▸ **TASK OBJECTIVE**:
From the first line to the last, please reproduce the material exactly, skipping the pictures.

▸ **SUPPLIED ENTRIES**:
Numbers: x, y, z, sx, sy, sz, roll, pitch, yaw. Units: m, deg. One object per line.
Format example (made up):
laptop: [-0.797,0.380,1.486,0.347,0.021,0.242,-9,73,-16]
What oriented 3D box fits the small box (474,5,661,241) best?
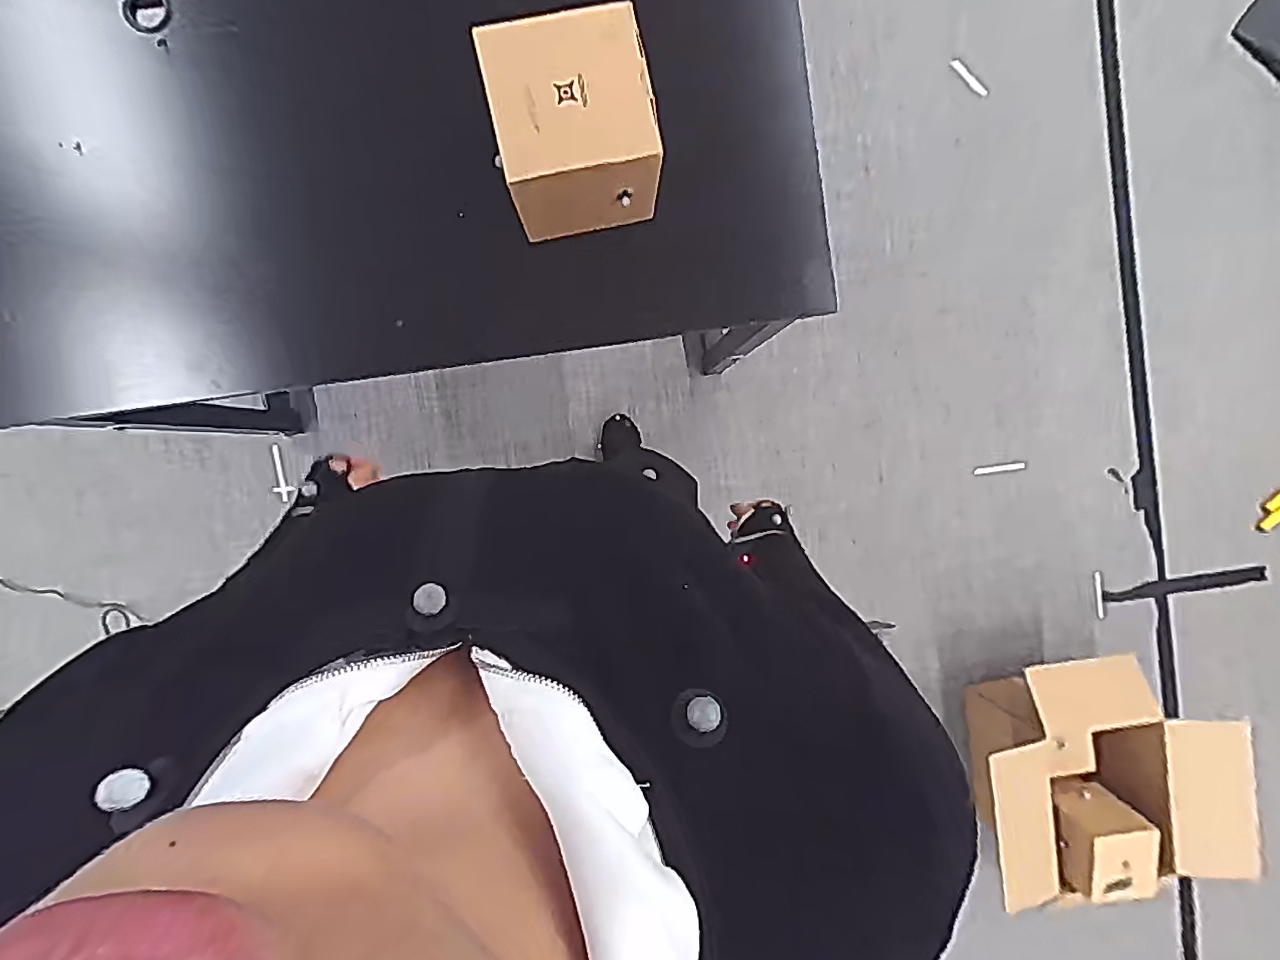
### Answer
small box: [-0.081,-0.419,0.663,0.179,0.176,0.168,-13,92,-1]

▸ **TASK ANSWER**:
Numbers: x, y, z, sx, sy, sz, roll, pitch, yaw. Units: m, deg. One object per line.
Format example (made up):
laptop: [-0.797,0.380,1.486,0.347,0.021,0.242,-9,73,-16]
What oriented 3D box fits the small box (474,5,661,241) best?
### Answer
small box: [-0.081,-0.419,0.663,0.179,0.176,0.168,-13,92,-1]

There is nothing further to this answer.